Том 3. Сумбур-трава. Сатира в прозе, 1904-1932 (Черный) - страница 9

Какой же образ явлен был этой литературной маской? Повторю вкратце сказанное в первом томе. В своих стихотворных сатирах поэт выступил от имени среднестатистического интеллигента. В своем лирическом герое он с убийственной и горестной иронией воплотил недуг бытия, жизненное банкротство «всех нищих духом» — все то, что всеми фибрами души ненавидел. Это: безверие, неврастения, рефлексия, никчемность и неумелость, отчуждение в отношениях с себе подобными, непонимание и боязнь народа, отторженность от природы и многое другое.

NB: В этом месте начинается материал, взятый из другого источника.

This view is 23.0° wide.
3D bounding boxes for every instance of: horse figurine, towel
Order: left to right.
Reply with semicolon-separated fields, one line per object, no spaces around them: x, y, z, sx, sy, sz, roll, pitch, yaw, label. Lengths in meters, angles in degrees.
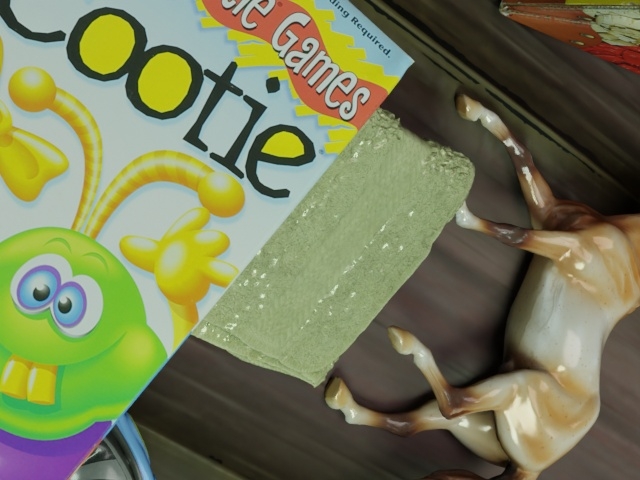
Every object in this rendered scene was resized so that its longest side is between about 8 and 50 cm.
0.000;0.000;0.773;0.110;0.027;0.148;28;104;-37;towel
0.111;0.047;0.853;0.174;0.066;0.263;27;81;-27;horse figurine

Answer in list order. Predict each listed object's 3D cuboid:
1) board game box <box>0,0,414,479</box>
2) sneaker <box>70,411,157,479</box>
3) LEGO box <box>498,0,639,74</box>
-0.115;-0.001;0.596;0.144;0.142;0.275;42;60;-5;board game box
-0.129;0.081;0.711;0.078;0.067;0.188;-30;108;-17;sneaker
0.355;-0.306;0.869;0.372;0.193;0.500;17;89;-33;LEGO box
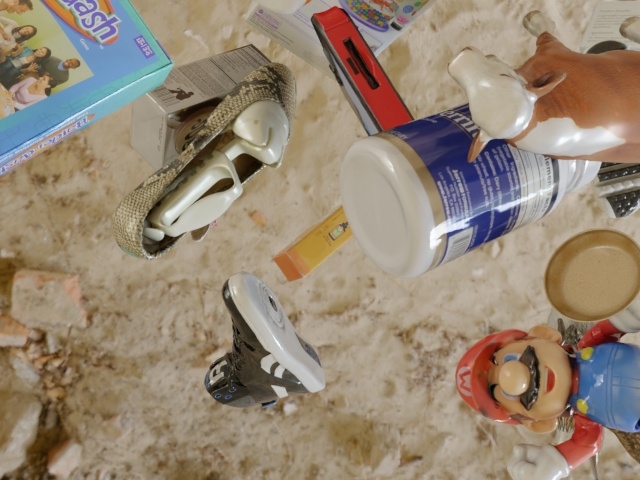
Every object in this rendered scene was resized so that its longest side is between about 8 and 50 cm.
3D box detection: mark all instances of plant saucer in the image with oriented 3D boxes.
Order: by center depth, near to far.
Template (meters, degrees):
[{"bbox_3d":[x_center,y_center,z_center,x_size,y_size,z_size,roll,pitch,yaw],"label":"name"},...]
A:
[{"bbox_3d":[0.225,0.030,0.567,0.083,0.083,0.015,-36,134,22],"label":"plant saucer"}]

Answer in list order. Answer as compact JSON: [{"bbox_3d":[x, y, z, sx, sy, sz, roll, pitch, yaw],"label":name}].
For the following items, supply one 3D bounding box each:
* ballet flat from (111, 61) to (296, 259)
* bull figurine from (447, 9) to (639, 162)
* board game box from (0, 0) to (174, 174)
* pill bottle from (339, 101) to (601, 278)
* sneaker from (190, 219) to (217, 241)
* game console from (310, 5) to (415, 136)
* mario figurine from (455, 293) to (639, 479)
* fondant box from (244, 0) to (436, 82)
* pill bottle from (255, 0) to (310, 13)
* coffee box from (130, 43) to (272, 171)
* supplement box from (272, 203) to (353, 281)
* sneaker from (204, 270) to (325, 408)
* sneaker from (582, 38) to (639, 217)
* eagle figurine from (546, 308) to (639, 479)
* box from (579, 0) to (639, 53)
[{"bbox_3d":[-0.182,-0.138,1.309,0.483,0.182,0.164,-46,129,-10],"label":"ballet flat"},{"bbox_3d":[0.248,-0.136,0.638,0.311,0.188,0.101,7,133,-11],"label":"bull figurine"},{"bbox_3d":[-0.229,-0.126,0.447,0.160,0.210,0.047,56,156,-6],"label":"board game box"},{"bbox_3d":[0.167,-0.072,0.752,0.265,0.153,0.153,-22,122,-23],"label":"pill bottle"},{"bbox_3d":[-0.278,-0.035,1.665,0.042,0.118,0.067,10,149,7],"label":"sneaker"},{"bbox_3d":[0.108,-0.179,1.179,0.060,0.342,0.386,-28,74,1],"label":"game console"},{"bbox_3d":[0.283,0.157,0.736,0.321,0.198,0.170,-5,128,40],"label":"mario figurine"},{"bbox_3d":[0.048,-0.456,1.253,0.238,0.096,0.330,29,146,-22],"label":"fondant box"},{"bbox_3d":[0.020,-0.314,0.635,0.221,0.121,0.121,-39,115,-17],"label":"pill bottle"},{"bbox_3d":[-0.232,-0.273,1.429,0.119,0.297,0.168,44,141,21],"label":"coffee box"},{"bbox_3d":[0.000,0.000,1.649,0.078,0.233,0.080,55,150,-7],"label":"supplement box"},{"bbox_3d":[-0.084,0.125,0.749,0.121,0.079,0.217,-22,137,8],"label":"sneaker"},{"bbox_3d":[0.488,-0.184,1.170,0.110,0.118,0.292,-7,93,1],"label":"sneaker"},{"bbox_3d":[0.416,0.255,1.048,0.298,0.226,0.225,32,112,-20],"label":"eagle figurine"},{"bbox_3d":[0.584,-0.328,1.255,0.181,0.119,0.182,13,155,35],"label":"box"}]
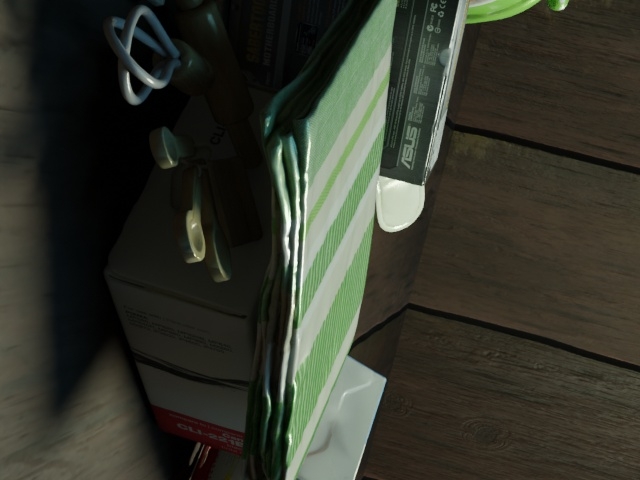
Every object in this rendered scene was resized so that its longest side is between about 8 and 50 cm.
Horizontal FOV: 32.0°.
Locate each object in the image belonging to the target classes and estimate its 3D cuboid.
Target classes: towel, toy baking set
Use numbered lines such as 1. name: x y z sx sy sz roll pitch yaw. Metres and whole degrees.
1. towel: 0.000 0.000 0.800 0.248 0.038 0.325 -61 160 -52
2. toy baking set: -0.078 -0.093 0.675 0.197 0.030 0.256 -85 159 -61

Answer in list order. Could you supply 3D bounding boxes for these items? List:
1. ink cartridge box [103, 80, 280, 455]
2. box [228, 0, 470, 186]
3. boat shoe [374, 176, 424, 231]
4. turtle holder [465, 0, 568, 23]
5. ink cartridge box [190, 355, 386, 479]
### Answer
1. ink cartridge box: -0.065 0.031 0.904 0.273 0.114 0.197 86 22 -58
2. box: 0.021 -0.173 0.883 0.056 0.183 0.231 -57 158 -57
3. boat shoe: 0.095 -0.163 1.624 0.099 0.116 0.319 -128 -153 -46
4. turtle holder: 0.178 -0.414 1.231 0.227 0.243 0.320 30 85 -59
5. ink cartridge box: -0.042 0.200 1.090 0.231 0.078 0.134 -35 -152 54
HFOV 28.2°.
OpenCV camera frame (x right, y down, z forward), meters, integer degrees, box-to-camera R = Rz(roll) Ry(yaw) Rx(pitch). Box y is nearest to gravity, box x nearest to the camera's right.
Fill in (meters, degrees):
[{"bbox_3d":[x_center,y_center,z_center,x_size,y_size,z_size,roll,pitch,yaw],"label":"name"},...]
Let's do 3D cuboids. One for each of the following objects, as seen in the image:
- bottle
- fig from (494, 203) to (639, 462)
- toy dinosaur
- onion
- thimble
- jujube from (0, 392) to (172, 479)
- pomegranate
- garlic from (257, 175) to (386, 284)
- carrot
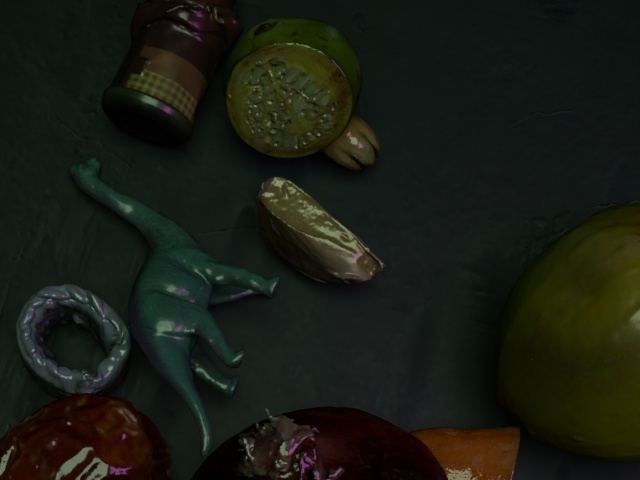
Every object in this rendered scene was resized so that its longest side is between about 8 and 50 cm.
[{"bbox_3d":[-0.191,-0.274,1.757,0.156,0.143,0.271,18,72,12],"label":"bottle"},{"bbox_3d":[0.383,0.131,1.612,0.343,0.343,0.343,1,74,-5],"label":"fig"},{"bbox_3d":[-0.235,0.068,1.632,0.330,0.129,0.383,21,45,1],"label":"toy dinosaur"},{"bbox_3d":[-0.014,0.309,1.431,0.347,0.285,0.348,-11,37,8],"label":"onion"},{"bbox_3d":[-0.319,0.135,1.640,0.151,0.118,0.127,36,71,5],"label":"thimble"},{"bbox_3d":[-0.346,0.329,1.543,0.342,0.216,0.216,-32,79,2],"label":"jujube"},{"bbox_3d":[-0.010,-0.213,1.745,0.240,0.190,0.159,20,34,-3],"label":"pomegranate"},{"bbox_3d":[-0.008,0.000,1.717,0.195,0.101,0.087,40,70,6],"label":"garlic"},{"bbox_3d":[0.133,0.300,1.633,0.225,0.159,0.159,9,73,9],"label":"carrot"}]
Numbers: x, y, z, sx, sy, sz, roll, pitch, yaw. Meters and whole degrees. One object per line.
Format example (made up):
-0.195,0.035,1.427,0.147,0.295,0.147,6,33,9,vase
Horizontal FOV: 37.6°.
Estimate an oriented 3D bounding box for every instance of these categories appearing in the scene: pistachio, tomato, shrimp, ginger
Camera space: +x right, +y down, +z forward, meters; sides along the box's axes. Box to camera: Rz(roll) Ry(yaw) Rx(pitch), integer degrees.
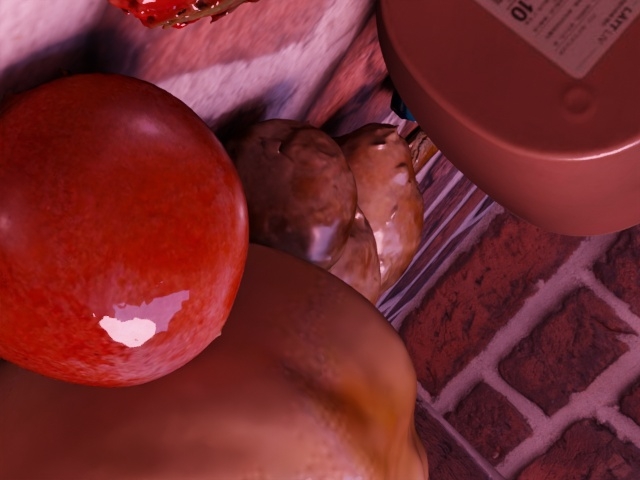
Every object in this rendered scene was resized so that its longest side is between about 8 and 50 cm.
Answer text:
-0.103,0.205,0.660,0.445,0.365,0.281,-50,167,20,pistachio
-0.118,0.005,0.495,0.167,0.167,0.167,-44,169,-11,tomato
0.133,-0.130,1.209,0.219,0.046,0.152,-48,171,-14,shrimp
0.000,0.000,0.873,0.375,0.176,0.256,-23,139,-65,ginger

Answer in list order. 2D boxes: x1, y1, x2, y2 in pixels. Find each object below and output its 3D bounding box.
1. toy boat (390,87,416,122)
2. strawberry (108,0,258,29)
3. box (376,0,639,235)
0.188,-0.176,1.040,0.299,0.092,0.134,-16,132,-59,toy boat
-0.043,-0.150,0.382,0.145,0.086,0.145,-42,169,-10,strawberry
0.183,-0.163,0.699,0.301,0.301,0.216,-48,161,9,box
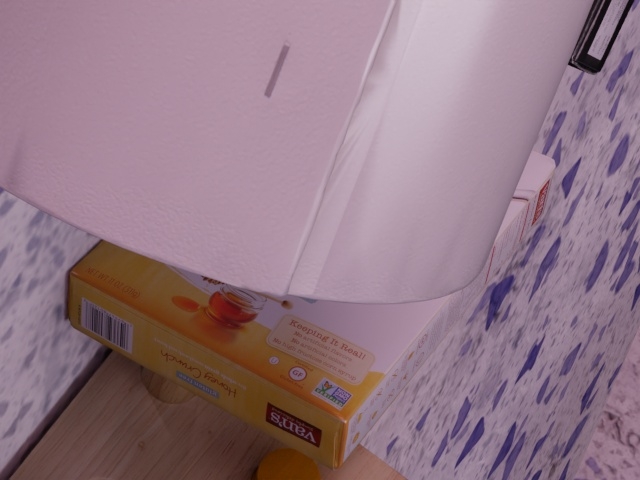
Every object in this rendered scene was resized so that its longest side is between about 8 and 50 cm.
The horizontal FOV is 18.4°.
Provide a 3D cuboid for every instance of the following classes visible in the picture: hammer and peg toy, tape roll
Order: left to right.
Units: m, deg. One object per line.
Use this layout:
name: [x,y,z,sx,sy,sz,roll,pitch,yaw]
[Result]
hammer and peg toy: [-0.085,0.238,1.048,0.361,0.266,0.127,-54,179,-29]
tape roll: [-0.021,-0.105,0.751,0.246,0.246,0.169,-26,140,-63]

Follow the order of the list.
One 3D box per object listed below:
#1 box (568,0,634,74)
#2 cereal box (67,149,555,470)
box: [0.135,-0.212,1.197,0.180,0.147,0.077,-66,162,7]
cereal box: [0.000,0.000,1.083,0.240,0.173,0.047,-49,157,-40]
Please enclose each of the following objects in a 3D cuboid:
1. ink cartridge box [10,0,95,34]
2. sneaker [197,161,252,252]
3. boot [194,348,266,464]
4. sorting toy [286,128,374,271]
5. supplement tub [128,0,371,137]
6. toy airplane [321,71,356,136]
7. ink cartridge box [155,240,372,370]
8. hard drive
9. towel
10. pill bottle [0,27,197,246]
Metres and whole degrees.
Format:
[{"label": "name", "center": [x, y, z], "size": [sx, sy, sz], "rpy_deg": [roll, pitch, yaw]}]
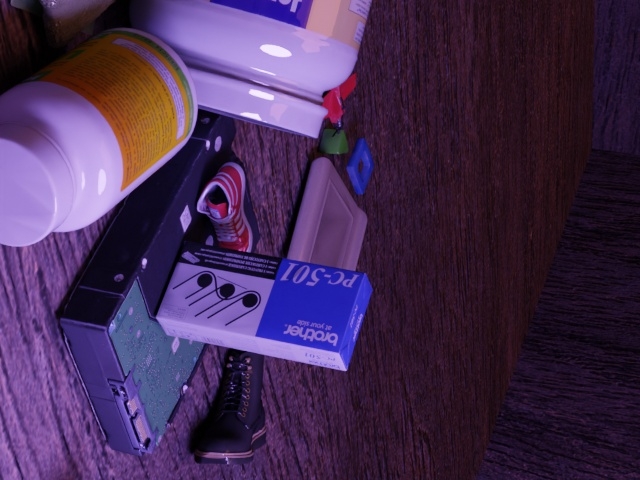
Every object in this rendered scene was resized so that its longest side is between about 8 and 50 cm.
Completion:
[{"label": "ink cartridge box", "center": [-0.206, -0.316, 1.439], "size": [0.171, 0.056, 0.235], "rpy_deg": [8, 90, -72]}, {"label": "sneaker", "center": [-0.105, -0.021, 1.710], "size": [0.067, 0.042, 0.118], "rpy_deg": [-50, 138, -64]}, {"label": "boot", "center": [-0.114, 0.205, 1.980], "size": [0.198, 0.077, 0.137], "rpy_deg": [-43, 137, -82]}, {"label": "sorting toy", "center": [0.000, 0.000, 2.233], "size": [0.196, 0.047, 0.348], "rpy_deg": [50, 49, -58]}, {"label": "supplement tub", "center": [-0.058, -0.289, 1.574], "size": [0.241, 0.241, 0.331], "rpy_deg": [9, 96, -72]}, {"label": "toy airplane", "center": [0.019, -0.217, 2.173], "size": [0.151, 0.028, 0.151], "rpy_deg": [-27, 122, -54]}, {"label": "ink cartridge box", "center": [-0.059, 0.067, 1.631], "size": [0.046, 0.207, 0.097], "rpy_deg": [68, 37, -58]}, {"label": "hard drive", "center": [-0.168, 0.038, 1.720], "size": [0.237, 0.064, 0.339], "rpy_deg": [78, 27, -48]}, {"label": "towel", "center": [-0.206, -0.251, 1.426], "size": [0.148, 0.027, 0.110], "rpy_deg": [-50, 163, -23]}, {"label": "pill bottle", "center": [-0.218, -0.090, 1.384], "size": [0.246, 0.136, 0.136], "rpy_deg": [-49, 145, -57]}]
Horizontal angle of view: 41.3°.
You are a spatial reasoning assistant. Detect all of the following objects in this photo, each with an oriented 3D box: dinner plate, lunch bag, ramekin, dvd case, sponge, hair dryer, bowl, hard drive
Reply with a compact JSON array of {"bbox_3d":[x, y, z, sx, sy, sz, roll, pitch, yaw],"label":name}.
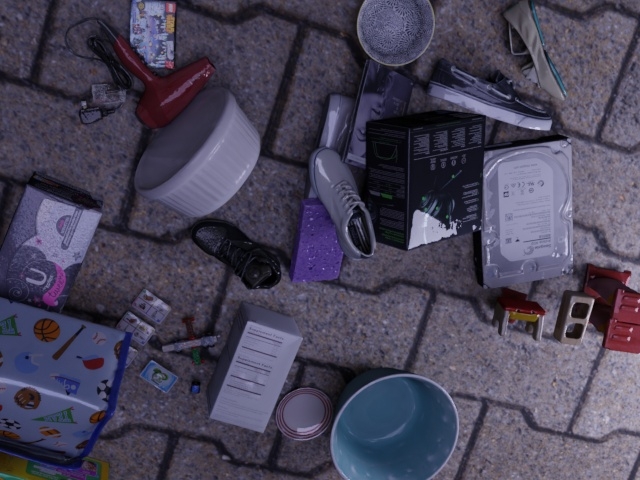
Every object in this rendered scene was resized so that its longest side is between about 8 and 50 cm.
[{"bbox_3d":[-0.040,0.419,2.055,0.141,0.017,0.141,-4,106,-12],"label":"dinner plate"},{"bbox_3d":[-0.607,0.322,1.758,0.328,0.238,0.385,21,140,-17],"label":"lunch bag"},{"bbox_3d":[-0.241,-0.168,1.714,0.273,0.273,0.127,-46,121,4],"label":"ramekin"},{"bbox_3d":[0.126,-0.258,1.822,0.165,0.018,0.221,12,92,-49],"label":"dvd case"},{"bbox_3d":[0.000,0.000,1.886,0.117,0.031,0.210,-6,127,-24],"label":"sponge"},{"bbox_3d":[-0.356,-0.328,1.704,0.294,0.080,0.223,-3,123,-10],"label":"hair dryer"},{"bbox_3d":[0.150,-0.459,1.801,0.170,0.080,0.170,-3,106,-11],"label":"bowl"},{"bbox_3d":[0.476,-0.066,2.000,0.237,0.064,0.338,-8,109,-9],"label":"hard drive"},{"bbox_3d":[0.157,0.427,2.024,0.312,0.163,0.311,-3,107,-11],"label":"bowl"}]

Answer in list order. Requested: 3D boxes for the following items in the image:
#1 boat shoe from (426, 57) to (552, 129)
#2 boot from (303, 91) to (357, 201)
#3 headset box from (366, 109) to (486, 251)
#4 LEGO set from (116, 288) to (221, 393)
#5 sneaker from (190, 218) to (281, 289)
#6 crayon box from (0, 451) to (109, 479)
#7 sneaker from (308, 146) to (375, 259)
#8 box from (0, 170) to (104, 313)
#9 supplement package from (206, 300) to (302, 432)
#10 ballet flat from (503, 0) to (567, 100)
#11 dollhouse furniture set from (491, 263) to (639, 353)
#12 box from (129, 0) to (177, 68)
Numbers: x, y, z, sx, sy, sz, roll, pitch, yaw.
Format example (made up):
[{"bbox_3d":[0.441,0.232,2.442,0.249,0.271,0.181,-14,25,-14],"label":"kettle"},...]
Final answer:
[{"bbox_3d":[0.388,-0.326,1.886,0.301,0.108,0.102,17,103,-9],"label":"boat shoe"},{"bbox_3d":[0.048,-0.185,1.852,0.123,0.095,0.258,12,104,-12],"label":"boot"},{"bbox_3d":[0.229,-0.127,1.843,0.246,0.131,0.283,-16,112,-38],"label":"headset box"},{"bbox_3d":[-0.348,0.240,1.930,0.244,0.060,0.182,36,100,-11],"label":"LEGO set"},{"bbox_3d":[-0.178,0.032,1.852,0.227,0.130,0.087,35,94,-17],"label":"sneaker"},{"bbox_3d":[-0.614,0.532,1.884,0.278,0.165,0.081,22,100,-17],"label":"crayon box"},{"bbox_3d":[0.058,-0.079,1.783,0.094,0.091,0.258,-29,103,-21],"label":"sneaker"},{"bbox_3d":[-0.565,0.010,1.751,0.163,0.142,0.247,22,101,-17],"label":"box"},{"bbox_3d":[-0.153,0.285,1.925,0.134,0.139,0.244,19,102,-16],"label":"supplement package"},{"bbox_3d":[0.474,-0.415,1.895,0.086,0.086,0.248,-28,109,-3],"label":"ballet flat"},{"bbox_3d":[0.589,0.145,2.024,0.374,0.201,0.152,8,105,-8],"label":"dollhouse furniture set"},{"bbox_3d":[-0.342,-0.421,1.732,0.094,0.027,0.137,0,107,-13],"label":"box"}]
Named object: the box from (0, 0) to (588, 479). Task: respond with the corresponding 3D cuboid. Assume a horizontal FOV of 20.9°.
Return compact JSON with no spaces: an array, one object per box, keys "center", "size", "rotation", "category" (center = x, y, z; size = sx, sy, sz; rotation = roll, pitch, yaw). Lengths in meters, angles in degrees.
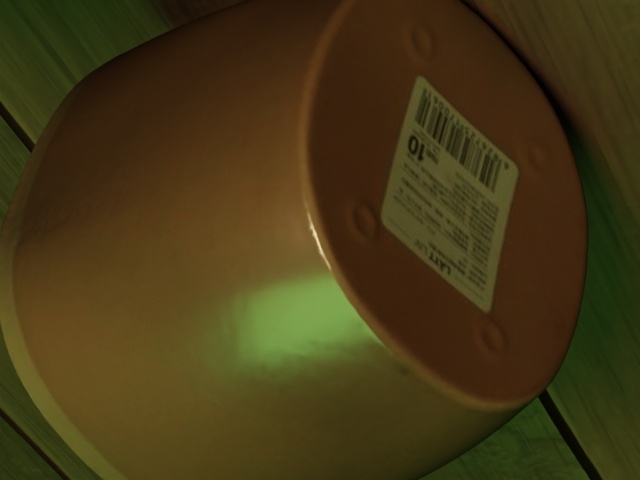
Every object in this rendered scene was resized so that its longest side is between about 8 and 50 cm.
[{"center":[0.000,0.000,0.970],"size":[0.216,0.301,0.301],"rotation":[-24,126,39],"category":"box"}]
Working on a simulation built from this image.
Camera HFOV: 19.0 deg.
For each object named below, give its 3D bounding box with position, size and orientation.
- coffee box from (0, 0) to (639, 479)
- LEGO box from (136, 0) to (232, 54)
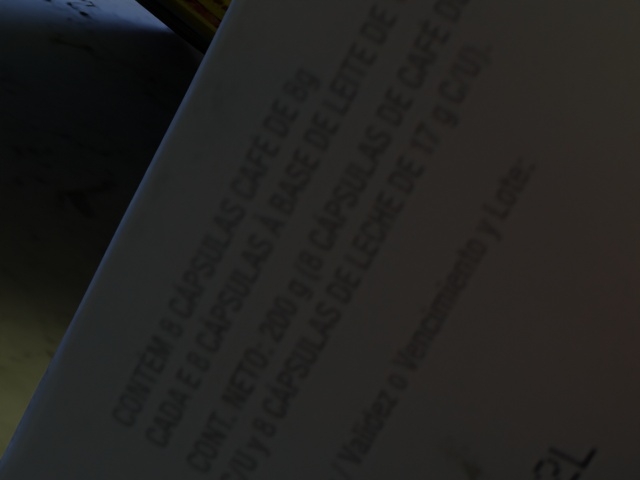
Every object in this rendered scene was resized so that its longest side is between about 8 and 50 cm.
[{"bbox_3d":[0.119,0.073,0.528,0.338,0.338,0.334,31,22,3],"label":"coffee box"},{"bbox_3d":[-0.064,-0.218,0.822,0.500,0.193,0.372,38,1,-45],"label":"LEGO box"}]
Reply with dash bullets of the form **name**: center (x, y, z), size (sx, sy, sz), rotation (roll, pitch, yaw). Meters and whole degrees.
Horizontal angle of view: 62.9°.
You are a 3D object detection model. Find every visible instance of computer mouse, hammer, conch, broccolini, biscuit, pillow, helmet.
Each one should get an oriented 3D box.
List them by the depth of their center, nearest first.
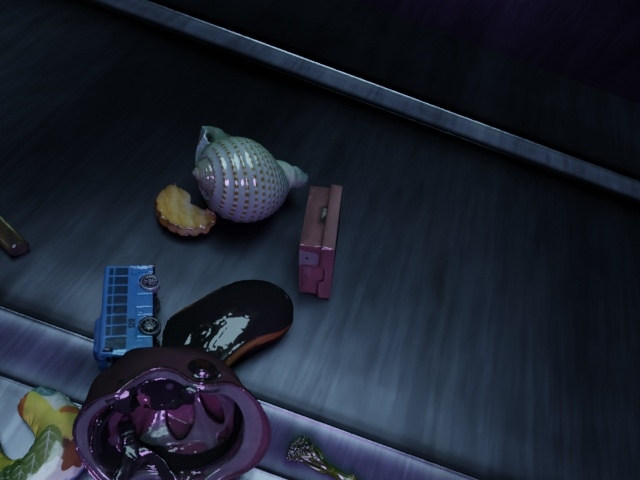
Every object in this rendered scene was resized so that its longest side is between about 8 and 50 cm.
- **pillow**: center (-0.539, 0.389, 0.949), size (0.214, 0.086, 0.233), rotation (34, 53, 25)
- **helmet**: center (-0.273, 0.315, 0.986), size (0.338, 0.271, 0.197), rotation (2, 22, -16)
- **broccolini**: center (0.034, 0.466, 1.066), size (0.216, 0.067, 0.058), rotation (27, 88, 6)
- **computer mouse**: center (-0.202, 0.187, 1.185), size (0.323, 0.116, 0.183), rotation (-29, 61, -33)
- **hammer**: center (-0.857, -0.115, 1.274), size (0.440, 0.044, 0.168), rotation (39, 51, 16)
- **biscuit**: center (-0.369, -0.068, 1.373), size (0.183, 0.061, 0.118), rotation (40, 54, 19)
- **conch**: center (-0.206, -0.162, 1.394), size (0.319, 0.215, 0.303), rotation (26, 12, -47)

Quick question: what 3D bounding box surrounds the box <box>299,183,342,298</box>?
- **box**: center (0.000, 0.000, 1.330), size (0.086, 0.215, 0.215), rotation (7, 51, 2)

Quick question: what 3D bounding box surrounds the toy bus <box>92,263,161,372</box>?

В какой-то мере эти качества были присущи ему самому, и саморазоблачение — это попытка освобождения, что называется, игра «ва-банк». Перевоплощение было столь артистично-талантливым и убедительным, что читатели и критики рисковали отождествить жалко-смешного героя сатир с их автором. Порой и самого поэта начинали одолевать опасения:

Как бы мне не обменяться личностью:
Он войдет в меня, а я в него…

Право, так легко обмануться, принять за чистую монету наигранно-театральные и чуть шаржированные жесты и стенания. Тем более что за ними взаправдашняя и нешуточная боль. Везде, куда ни глянь: стандарт, шаблон, стадность… Безликие лица прохожих, «бездарно и безрадостно похожих, как несгораемые тусклые шкафы», «штемпеля готовых фраз», «граммофон в голове и груди» — бесконечно варьируется, неотвязно, как наваждение, преследует Сашу Черного эта тема. Тема утраты индивидуальности, тема стертости, омертвелости личности. Тема «не-свободы».

Круг замкнулся. Помните «принципиального „товарища“, думающего и поступающего, „как все“», — из анекдота Ивана Чижика? И это имя возвращает нас в смехотворческую вотчину. Коли Юпитеру было позволено смеяться, то присяжным сатирикам и юмористам на роду написаны всевозможные ряженья, розыгрыши, фанаберии, передразнивания… Там, в нижних этажах литературы издавна шла потеха. Каждый скоморох имел десятки уморительных псевдонимов, не несущих никакой смысловой нагрузки… Аполлон Рифмачев, Мандарин Плюнь-на-все, Граф Алексис Жасминов, Майор Бурбонов, Человек без селезенки… Цель одна — рассмешить, заставить улыбнуться. Буквально по пальцам можно перечесть случаи, когда за именем угадывалась маска, тип, характер, судьба — как было это, скажем, с Козьмой Прутковым или генералом Дитятиным.

Но вот возник «Сатирикон». Многое он унаследовал от родителей — сатирических и юмористических еженедельников минувшего века. Но привнес и свое, в соответствии с требованиями эпохи. Прежде всего это появление устойчивых масок-псевдонимов. Примечательно, что некоторые ведущие сатириконские авторы не укладывались в один какой-нибудь образ. Стихия импровизации подталкивала их к созданию все новых литературных фантомов, несущих какую-либо функцию (тематическую, жанровую, пародийную и т. п.). Заметим, что и в господских покоях прослеживалась (хотя и в меньшей степени) та же тенденция. Так, Зинаида Гиппиус удовлетворяла свою склонность к злоречию в язвительно-желчных критических пассажах, написанных от имени Антона Крайнего. Из мемуарной прозы Цветаевой известно, что М. Волошин, словно змей-искуситель, провоцировал поэтессу на литературную мистификацию. Стихи о России он предлагал печатать за подписью некоего Петухова, а романтические стихи отдать вымышленным гениальным близнецам Крюковым. Понятно, что фамилии предложены наобум, первые попавшиеся. Коль нужно — будьте спокойны! — Волошин, великий мастер на выдумки, сочинил бы что-нибудь экстраординарное, вроде Черубины де Габриак — взращенного им на русской почве экзотического цветка. Возможно, именно с этого начинается мистификация, ибо, по мнению Волошина, «создать — это назвать по имени».